→ **Description of the task**: Copy the listing exactly. Omit nothing.
** Records provided follows **
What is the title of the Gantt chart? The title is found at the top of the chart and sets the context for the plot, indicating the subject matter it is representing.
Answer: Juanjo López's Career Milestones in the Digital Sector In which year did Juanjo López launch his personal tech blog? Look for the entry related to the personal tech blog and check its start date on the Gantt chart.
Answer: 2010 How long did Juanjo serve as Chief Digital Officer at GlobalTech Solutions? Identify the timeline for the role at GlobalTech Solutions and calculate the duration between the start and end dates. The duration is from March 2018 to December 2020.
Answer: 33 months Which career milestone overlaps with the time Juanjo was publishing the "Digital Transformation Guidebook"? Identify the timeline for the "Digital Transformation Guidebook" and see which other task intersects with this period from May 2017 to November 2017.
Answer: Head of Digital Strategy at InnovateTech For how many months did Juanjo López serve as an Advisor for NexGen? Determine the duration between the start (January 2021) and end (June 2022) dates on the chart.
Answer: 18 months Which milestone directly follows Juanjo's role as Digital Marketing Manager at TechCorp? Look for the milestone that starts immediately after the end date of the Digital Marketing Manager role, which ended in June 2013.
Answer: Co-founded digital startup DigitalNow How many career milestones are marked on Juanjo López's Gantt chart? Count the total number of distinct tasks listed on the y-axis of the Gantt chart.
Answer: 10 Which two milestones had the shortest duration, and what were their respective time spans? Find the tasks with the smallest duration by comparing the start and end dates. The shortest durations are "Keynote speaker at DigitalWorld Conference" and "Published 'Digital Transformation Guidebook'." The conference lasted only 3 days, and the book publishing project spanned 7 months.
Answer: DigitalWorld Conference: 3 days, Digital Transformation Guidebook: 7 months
** End of Records provided **
→ **Answer box**:
What is the title of the Gantt chart? The title is found at the top of the chart and sets the context for the plot, indicating the subject matter it is representing.
Answer: Juanjo López's Career Milestones in the Digital Sector In which year did Juanjo López launch his personal tech blog? Look for the entry related to the personal tech blog and check its start date on the Gantt chart.
Answer: 2010 How long did Juanjo serve as Chief Digital Officer at GlobalTech Solutions? Identify the timeline for the role at GlobalTech Solutions and calculate the duration between the start and end dates. The duration is from March 2018 to December 2020.
Answer: 33 months Which career milestone overlaps with the time Juanjo was publishing the "Digital Transformation Guidebook"? Identify the timeline for the "Digital Transformation Guidebook" and see which other task intersects with this period from May 2017 to November 2017.
Answer: Head of Digital Strategy at InnovateTech For how many months did Juanjo López serve as an Advisor for NexGen? Determine the duration between the start (January 2021) and end (June 2022) dates on the chart.
Answer: 18 months Which milestone directly follows Juanjo's role as Digital Marketing Manager at TechCorp? Look for the milestone that starts immediately after the end date of the Digital Marketing Manager role, which ended in June 2013.
Answer: Co-founded digital startup DigitalNow How many career milestones are marked on Juanjo López's Gantt chart? Count the total number of distinct tasks listed on the y-axis of the Gantt chart.
Answer: 10 Which two milestones had the shortest duration, and what were their respective time spans? Find the tasks with the smallest duration by comparing the start and end dates. The shortest durations are "Keynote speaker at DigitalWorld Conference" and "Published 'Digital Transformation Guidebook'." The conference lasted only 3 days, and the book publishing project spanned 7 months.
Answer: DigitalWorld Conference: 3 days, Digital Transformation Guidebook: 7 months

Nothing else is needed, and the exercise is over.